When choosing an apartment in New York City, it's important to be absolutely clear on the building's pet policy. Some buildings in Manhattan are tightening their restrictions on dogs. Don't worry though - there are more than enough apartments in New York City to choose from and with over a million dogs here, there is always going to be a huge market for pet friendly buildings. Newer buildings tend to be more dog friendly than older buildings. When inquiring about a building's pet policy, don't just take the broker's word for it - you're better off contacting the building management directly. Some buildings allow dogs but have restrictions on size, weight or breed so make sure your dog qualifies before signing a lease.

Other things you might want to consider are size and location. Many people make the mistake of thinking that small apartments are not suitable for a dog but just remember, if you're fine in that space then your dog - who is many times smaller than you - probably is too. Of course you probably want to avoid moving into a tiny studio with a Great Dane! Location can be important and if your dog needs a lot of exercise then it helps to live near a dog run or park. Living near a river is great because river paths allow you exercise non-stop without having to wait at every intersection.

New York Dogs And The Law

NYC's health code says that your dogs must be licensed, have up to date rabies shots and wear the tags to prove it at all times when out in public. NYC dog laws aren't just for the city's benefit - they're for your benefit too. Being licensed and wearing the correct tags makes your dog stand far more chance of being reunited with you should you ever become separated.
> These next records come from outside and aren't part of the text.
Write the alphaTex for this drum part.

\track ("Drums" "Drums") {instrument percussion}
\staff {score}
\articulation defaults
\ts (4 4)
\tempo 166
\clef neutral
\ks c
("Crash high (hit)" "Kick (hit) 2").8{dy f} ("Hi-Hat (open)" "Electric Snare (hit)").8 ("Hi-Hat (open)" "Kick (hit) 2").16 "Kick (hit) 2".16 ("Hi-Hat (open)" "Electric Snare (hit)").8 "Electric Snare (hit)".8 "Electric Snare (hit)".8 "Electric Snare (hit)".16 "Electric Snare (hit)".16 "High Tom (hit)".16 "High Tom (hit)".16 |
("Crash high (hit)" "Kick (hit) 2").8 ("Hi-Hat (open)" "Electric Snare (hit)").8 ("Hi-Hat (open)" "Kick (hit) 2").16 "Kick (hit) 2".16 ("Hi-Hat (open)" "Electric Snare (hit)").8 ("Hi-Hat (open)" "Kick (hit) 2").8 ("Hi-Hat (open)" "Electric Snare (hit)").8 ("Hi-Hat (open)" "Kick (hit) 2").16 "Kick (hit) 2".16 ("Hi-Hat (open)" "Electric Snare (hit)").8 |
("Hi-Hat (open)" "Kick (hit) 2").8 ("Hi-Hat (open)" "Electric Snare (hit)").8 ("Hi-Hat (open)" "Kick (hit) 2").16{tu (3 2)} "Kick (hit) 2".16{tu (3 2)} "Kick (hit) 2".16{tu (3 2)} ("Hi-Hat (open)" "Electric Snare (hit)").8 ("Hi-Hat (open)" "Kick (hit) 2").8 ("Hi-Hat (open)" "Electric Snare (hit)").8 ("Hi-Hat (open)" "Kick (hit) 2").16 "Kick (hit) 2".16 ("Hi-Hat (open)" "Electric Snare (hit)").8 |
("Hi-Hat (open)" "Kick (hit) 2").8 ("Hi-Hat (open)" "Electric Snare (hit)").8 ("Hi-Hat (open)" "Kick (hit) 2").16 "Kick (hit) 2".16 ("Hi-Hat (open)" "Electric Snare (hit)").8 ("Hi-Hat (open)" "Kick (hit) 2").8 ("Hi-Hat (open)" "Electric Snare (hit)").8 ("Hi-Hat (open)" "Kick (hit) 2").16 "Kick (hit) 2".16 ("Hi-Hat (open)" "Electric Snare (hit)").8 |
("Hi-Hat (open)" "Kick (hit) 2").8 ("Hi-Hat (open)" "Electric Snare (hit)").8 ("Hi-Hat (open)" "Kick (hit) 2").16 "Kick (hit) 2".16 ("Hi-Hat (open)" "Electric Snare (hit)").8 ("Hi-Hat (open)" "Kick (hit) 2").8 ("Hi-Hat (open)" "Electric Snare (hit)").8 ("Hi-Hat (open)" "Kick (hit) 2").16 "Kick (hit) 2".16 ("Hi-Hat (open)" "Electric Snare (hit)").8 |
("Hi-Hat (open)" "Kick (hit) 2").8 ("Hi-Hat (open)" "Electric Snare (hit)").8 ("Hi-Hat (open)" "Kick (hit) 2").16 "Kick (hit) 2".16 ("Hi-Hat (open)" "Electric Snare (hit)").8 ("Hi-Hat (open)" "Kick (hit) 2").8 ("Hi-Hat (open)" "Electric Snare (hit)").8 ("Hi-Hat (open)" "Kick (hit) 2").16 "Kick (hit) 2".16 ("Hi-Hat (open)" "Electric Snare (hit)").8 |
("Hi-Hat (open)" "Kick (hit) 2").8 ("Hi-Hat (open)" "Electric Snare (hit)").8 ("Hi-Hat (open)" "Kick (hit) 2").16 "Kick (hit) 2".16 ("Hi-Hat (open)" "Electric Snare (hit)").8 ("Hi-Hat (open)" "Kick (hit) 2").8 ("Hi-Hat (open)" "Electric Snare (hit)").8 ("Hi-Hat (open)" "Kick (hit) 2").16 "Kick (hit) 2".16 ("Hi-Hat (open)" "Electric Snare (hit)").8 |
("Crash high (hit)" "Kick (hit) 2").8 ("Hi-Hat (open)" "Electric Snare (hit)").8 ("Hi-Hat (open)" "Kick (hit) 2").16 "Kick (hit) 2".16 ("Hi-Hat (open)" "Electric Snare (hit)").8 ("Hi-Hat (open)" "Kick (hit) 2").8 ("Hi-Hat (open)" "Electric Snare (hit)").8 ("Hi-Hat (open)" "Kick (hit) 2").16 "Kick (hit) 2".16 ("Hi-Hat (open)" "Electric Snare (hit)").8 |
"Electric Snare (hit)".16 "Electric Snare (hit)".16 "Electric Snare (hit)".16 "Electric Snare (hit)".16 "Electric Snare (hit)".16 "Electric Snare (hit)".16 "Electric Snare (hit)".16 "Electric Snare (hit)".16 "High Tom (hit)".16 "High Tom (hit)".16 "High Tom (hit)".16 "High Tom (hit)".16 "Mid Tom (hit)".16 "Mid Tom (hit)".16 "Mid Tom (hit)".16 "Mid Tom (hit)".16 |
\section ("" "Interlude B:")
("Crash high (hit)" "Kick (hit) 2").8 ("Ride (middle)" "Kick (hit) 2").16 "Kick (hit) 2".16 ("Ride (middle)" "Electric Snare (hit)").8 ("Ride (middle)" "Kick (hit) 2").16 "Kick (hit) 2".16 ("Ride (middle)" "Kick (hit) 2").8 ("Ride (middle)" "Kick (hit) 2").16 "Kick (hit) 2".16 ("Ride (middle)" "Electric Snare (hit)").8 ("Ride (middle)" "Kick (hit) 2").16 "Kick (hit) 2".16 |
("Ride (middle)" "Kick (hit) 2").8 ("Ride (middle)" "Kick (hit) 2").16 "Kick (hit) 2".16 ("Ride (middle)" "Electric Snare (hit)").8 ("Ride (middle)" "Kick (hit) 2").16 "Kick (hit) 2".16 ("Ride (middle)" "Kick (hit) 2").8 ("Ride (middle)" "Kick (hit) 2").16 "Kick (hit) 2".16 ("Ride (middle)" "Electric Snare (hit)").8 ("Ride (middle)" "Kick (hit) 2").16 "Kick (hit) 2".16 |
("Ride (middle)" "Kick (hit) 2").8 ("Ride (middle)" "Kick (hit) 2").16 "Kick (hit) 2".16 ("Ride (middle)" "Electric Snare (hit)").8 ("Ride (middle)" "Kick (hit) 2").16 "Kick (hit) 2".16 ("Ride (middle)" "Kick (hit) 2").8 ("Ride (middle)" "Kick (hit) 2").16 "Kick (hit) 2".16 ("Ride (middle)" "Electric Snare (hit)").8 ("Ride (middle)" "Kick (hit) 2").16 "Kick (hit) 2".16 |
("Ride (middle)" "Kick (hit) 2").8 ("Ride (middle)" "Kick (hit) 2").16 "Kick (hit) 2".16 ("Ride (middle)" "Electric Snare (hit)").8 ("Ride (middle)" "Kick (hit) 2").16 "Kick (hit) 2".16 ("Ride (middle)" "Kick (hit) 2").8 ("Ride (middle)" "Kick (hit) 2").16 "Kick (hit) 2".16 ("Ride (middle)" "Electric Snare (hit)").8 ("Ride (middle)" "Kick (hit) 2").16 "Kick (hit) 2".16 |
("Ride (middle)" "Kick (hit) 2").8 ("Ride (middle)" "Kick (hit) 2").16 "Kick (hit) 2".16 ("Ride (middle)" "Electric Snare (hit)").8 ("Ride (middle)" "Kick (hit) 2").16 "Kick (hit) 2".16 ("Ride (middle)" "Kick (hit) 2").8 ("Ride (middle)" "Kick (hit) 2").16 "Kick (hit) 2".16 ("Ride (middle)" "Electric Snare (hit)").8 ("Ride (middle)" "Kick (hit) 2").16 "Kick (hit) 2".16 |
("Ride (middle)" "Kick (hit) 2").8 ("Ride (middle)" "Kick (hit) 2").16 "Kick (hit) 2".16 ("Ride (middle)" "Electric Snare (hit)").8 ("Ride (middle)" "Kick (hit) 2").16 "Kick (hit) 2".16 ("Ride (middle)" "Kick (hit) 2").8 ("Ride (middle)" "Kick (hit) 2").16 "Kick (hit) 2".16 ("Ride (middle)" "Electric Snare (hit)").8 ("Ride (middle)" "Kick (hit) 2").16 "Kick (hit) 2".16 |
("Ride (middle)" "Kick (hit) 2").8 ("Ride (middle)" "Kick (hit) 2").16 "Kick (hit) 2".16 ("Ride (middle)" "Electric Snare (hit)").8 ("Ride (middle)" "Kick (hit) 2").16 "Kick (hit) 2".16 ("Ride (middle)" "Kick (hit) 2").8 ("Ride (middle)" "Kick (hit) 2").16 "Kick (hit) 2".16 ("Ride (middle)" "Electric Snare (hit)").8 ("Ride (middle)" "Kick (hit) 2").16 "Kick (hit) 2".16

You should make sure that you have all of your dog's documentation, including medical history (rabies shots etc), in order as soon as you get here. Don't put off registering at a vet's office upon arrival - do it straight away. If your dog is up to date with rabies shots then you should make an appointment for the next booster...the first shot should be given no later than four months of age, the second a year later and all subsequent boosters either annually, or depending on the type of vaccine, every three years.

New York City enforces a number of laws concerning dogs and dogs ownership; most of them are common sense and responsible dog owners won't find themselves breaking any inadvertently. They include: picking up after your dog, keeping noise to a minimum, having control of them at all times in public and keeping them on a leash no longer than 6ft when outside, unless they're in a designated off-leash area.